Evaluasi PPDB, Zonasi Kota Jogja akan Dipersempit

Ilustrasi PPDB. - JIBI
13 Juli 2018 09:10 WIB Sunartono Jogja Share :

Harianjogja.com, JOGJA--Disdikpora DIY akan melakukan evaluasi terhadap penerapan sistem zonasi dalam Penerimaan Peserta Didik Baru (PPDB) 2018 SMA/SMK. Zonasi Kota Jogja akan mendapatkan perhatian tersendiri dengan mempersempit ruang zonasi dari sebelumnya kisaran lima kilometer ke depan dimungkinkan di bawah ukuran tersebut.

Kabid Perencanaan dan Standardisasi Pendidikan Disdikpora DIY Didik Wardaya menjelaskan, pihaknya akan segera mengevaluasi setelah proses pelaksanaan PPDB selesai. Salah satu yang mungkin menjadi pembahasan adalah sistem zonasi yang memang tergolong baru untuk penerapan 100%.

"Anak yang berada dalam satu zonasi kami perlakukan sama. Hanya yang perlu kami evaluasi mungkin zonasinya yang perlu dipersempit," katanya, Kamis (12/7/2018).

Ia mengatakan zonasi bisa saja dipersempit namun tidak bisa diterapkan di seluruh kabupaten. Kota Jogja menjadi satu-satunya yang sangat memungkinkan untuk dipersempit lagi zonasinya.

Pada PPDB 2018 ketentuan jarak sekitar lima kilometer berada di zona satu yang akan diprioritaskan untuk diterima. Ke depan, jarak itu bisa dipersempit menjadi di bawah lima kilometer sebagai jarak maksimal.

"Terutama Kota Jogja ini masih terlalu luas, lima kilometer ini ternyata yang saling bersinggungan kan banyak sekali jadi mungkin perlu dipersempit dua atau tiga kilometer, itu sekadar bahan evaluasi," kata dia.

Langkah untuk mempersempit zonasi itu agar terjadi keterpaduan antara prestasi siswa dengan jarak yang seimbang. Pada PPDB 2018 persaingan SMA di Kota Jogja tergolong masih sangat ketat karena daerah perbatasan dari luar Kota Jogja juga masih bisa masuk.

"Kami berusaha memadukan antara jarak dengan prestasi, karena dulu kan zonasi dianggap melemahkan sistem belajar siswa. Maka kami padukan antara pilihan terhadap sekolah jurusan, zona, nilai itu kami gunakan semua untuk seleksi," jelasnya.

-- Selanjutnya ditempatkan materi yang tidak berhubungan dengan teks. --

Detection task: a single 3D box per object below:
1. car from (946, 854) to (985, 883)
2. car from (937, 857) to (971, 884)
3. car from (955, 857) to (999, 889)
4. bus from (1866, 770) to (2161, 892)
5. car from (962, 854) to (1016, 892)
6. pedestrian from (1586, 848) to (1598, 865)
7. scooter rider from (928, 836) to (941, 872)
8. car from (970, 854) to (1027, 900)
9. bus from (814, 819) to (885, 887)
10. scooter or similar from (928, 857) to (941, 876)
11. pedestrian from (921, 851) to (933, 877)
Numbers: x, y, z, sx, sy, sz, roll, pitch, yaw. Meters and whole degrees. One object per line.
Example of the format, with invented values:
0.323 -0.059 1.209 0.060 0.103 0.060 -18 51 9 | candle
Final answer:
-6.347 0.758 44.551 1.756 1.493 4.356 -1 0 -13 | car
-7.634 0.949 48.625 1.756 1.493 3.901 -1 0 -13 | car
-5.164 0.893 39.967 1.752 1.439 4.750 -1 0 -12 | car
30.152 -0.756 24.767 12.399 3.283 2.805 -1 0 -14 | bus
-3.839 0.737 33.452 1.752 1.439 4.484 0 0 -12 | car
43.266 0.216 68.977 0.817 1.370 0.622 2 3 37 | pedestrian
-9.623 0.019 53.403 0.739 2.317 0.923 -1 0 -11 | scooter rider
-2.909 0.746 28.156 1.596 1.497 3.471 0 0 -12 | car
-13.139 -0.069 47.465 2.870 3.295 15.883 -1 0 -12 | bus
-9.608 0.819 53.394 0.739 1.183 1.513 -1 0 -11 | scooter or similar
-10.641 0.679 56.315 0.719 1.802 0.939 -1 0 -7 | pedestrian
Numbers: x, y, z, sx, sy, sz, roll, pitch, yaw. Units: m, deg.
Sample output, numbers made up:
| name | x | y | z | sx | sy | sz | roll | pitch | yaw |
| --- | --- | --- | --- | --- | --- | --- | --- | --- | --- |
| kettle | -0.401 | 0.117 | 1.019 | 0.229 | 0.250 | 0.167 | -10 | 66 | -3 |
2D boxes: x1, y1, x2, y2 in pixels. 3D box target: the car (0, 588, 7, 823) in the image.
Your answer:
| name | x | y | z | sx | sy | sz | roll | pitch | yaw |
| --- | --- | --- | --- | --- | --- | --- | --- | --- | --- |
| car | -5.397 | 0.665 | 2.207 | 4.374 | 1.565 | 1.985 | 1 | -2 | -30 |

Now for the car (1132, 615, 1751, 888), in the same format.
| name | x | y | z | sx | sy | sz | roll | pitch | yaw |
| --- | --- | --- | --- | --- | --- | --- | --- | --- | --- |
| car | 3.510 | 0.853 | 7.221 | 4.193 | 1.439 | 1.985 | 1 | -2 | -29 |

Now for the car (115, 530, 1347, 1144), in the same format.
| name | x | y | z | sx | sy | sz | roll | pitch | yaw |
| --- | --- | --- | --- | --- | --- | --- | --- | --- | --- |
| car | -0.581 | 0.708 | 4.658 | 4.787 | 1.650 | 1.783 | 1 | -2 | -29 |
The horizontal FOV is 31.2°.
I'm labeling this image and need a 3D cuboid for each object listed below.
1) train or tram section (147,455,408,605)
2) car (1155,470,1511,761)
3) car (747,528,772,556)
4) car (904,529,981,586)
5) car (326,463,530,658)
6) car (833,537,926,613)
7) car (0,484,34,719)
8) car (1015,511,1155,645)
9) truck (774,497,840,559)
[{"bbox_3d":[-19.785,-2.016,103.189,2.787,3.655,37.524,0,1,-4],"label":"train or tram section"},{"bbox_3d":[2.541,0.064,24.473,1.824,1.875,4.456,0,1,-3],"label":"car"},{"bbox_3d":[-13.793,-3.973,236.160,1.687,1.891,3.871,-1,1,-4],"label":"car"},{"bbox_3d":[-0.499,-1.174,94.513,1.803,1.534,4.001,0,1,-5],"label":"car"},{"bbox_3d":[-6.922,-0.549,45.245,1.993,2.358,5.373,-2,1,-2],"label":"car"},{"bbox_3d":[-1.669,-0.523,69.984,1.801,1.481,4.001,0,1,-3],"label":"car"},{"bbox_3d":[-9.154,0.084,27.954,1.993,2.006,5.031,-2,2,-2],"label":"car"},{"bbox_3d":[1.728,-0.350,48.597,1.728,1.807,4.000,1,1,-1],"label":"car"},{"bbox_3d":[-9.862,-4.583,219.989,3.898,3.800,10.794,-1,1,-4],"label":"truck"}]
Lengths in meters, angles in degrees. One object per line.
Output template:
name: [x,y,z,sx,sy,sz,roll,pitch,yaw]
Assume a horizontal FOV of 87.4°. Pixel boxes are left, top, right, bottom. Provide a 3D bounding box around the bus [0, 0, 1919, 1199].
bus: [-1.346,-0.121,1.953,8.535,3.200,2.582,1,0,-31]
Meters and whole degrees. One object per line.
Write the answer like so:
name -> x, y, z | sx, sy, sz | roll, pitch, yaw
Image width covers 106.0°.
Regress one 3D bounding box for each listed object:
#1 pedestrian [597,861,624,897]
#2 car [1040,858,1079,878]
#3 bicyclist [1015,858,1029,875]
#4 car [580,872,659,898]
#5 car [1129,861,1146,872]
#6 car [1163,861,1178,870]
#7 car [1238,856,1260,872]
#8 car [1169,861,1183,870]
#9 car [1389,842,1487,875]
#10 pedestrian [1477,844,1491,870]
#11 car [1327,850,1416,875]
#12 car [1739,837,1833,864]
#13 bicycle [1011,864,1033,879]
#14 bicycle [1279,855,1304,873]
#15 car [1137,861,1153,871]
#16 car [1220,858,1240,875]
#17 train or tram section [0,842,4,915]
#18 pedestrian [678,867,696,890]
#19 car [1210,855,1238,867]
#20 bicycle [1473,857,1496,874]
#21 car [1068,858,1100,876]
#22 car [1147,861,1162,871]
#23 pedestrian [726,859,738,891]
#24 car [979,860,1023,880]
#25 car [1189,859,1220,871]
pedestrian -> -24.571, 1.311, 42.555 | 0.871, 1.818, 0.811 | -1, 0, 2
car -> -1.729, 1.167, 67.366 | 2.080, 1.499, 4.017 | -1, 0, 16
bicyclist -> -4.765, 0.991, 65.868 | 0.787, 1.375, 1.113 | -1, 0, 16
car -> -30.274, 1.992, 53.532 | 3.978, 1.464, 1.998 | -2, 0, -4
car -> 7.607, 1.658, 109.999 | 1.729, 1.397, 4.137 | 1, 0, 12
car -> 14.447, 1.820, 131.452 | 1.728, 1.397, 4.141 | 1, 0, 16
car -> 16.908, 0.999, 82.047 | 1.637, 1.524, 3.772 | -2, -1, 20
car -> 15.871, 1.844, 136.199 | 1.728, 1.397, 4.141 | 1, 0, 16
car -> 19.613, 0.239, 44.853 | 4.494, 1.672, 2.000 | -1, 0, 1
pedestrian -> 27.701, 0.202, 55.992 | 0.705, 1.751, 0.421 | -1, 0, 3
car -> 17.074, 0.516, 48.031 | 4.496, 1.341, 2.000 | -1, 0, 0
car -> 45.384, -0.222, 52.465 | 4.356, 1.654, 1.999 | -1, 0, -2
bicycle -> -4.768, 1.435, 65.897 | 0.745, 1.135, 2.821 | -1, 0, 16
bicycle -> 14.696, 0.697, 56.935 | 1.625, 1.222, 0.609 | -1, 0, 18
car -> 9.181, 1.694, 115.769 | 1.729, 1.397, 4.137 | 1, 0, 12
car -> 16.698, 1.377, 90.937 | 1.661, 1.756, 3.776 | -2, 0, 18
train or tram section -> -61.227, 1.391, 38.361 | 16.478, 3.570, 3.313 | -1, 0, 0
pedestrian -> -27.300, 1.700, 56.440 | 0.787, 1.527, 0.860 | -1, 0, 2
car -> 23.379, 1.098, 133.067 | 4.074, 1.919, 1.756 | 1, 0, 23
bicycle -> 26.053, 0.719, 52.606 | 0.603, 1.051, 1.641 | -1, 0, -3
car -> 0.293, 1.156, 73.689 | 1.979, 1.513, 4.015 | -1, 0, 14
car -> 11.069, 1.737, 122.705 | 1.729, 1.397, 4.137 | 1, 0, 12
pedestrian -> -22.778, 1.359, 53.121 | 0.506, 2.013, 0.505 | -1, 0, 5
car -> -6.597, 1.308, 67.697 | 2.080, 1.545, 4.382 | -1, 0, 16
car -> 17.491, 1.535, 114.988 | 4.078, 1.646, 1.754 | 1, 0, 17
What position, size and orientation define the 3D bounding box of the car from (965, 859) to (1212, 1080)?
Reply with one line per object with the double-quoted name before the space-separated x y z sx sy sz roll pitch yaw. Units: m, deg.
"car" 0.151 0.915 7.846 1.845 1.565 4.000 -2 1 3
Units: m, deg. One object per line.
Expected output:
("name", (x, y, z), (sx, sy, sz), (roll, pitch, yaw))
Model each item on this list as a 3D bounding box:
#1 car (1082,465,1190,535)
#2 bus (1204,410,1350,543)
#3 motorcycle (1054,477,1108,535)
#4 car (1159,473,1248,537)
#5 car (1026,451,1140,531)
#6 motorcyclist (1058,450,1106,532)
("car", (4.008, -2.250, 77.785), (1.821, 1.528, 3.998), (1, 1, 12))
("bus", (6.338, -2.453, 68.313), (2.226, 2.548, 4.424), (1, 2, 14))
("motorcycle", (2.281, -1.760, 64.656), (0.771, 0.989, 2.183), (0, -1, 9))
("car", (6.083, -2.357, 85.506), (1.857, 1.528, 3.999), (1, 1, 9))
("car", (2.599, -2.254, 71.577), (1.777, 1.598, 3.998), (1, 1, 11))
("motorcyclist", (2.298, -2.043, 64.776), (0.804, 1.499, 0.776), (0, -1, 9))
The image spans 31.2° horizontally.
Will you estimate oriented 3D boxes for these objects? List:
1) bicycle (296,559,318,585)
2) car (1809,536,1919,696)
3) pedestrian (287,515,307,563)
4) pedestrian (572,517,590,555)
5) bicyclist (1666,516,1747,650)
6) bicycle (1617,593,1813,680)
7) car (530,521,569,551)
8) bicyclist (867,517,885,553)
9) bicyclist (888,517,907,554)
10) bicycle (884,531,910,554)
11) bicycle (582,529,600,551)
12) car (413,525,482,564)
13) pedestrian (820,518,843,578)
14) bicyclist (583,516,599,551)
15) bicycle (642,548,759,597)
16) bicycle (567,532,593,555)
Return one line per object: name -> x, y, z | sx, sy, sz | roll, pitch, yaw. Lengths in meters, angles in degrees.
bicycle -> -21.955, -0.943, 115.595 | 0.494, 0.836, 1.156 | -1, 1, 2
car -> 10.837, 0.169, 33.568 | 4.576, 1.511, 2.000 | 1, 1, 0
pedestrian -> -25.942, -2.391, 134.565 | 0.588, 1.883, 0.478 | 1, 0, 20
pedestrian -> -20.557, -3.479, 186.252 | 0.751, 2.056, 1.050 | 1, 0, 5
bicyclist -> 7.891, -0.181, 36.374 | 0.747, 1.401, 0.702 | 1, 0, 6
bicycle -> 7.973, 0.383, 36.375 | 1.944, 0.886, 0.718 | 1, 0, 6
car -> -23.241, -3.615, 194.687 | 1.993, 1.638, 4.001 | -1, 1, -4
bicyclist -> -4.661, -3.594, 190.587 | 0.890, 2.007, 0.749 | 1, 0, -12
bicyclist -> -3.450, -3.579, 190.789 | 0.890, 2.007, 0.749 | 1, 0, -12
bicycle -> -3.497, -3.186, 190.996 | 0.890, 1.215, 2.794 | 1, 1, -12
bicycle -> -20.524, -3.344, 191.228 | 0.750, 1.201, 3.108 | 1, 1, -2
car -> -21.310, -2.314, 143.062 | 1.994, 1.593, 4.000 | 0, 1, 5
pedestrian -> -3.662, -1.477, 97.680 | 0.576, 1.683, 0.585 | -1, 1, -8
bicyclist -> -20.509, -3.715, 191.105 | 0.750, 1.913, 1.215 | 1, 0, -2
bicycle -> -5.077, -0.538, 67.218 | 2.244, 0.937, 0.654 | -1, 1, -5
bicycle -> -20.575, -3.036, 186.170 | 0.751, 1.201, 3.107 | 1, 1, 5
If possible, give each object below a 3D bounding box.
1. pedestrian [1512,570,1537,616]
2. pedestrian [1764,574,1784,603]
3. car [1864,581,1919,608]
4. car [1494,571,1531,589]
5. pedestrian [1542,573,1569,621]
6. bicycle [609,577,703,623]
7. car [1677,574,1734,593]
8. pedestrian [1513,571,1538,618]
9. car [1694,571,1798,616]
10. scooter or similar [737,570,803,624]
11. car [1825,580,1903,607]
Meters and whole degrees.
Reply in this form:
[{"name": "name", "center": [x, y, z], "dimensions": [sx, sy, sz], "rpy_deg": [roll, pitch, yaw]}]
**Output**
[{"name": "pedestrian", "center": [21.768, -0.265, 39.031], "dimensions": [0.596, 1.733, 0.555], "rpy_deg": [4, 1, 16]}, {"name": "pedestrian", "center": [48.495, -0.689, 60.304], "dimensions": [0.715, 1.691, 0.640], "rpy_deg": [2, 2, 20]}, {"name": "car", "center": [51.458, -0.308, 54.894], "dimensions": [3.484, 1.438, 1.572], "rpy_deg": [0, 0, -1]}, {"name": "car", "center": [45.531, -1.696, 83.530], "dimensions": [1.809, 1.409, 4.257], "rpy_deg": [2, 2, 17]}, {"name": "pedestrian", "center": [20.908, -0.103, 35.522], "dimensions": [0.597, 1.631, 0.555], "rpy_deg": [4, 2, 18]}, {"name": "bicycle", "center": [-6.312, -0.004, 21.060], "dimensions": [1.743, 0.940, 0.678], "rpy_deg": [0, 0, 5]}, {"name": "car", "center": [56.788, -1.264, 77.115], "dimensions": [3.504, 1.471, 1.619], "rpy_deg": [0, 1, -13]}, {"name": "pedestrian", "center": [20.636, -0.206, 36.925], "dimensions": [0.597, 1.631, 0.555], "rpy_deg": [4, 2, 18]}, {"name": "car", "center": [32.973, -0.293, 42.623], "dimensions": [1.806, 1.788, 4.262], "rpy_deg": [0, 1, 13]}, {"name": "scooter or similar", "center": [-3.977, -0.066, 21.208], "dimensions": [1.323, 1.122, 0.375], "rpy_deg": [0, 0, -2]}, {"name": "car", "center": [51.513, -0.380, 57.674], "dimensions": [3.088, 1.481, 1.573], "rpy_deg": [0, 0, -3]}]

Penyempitan zonasi ini sementara hanya dapat diterapkan di Kota Jogja, kabupaten lain sementara belum perlu untuk dipersempit. "Kalau Gunungkidul dipersempit, catatan kami ada 40 desa di Gunungkidul yang tidak mendapatkan sekolah sehingga zonasi satunya adalah sekolah terdekat. Ya nanti akan dievaluasi semua," kata dia.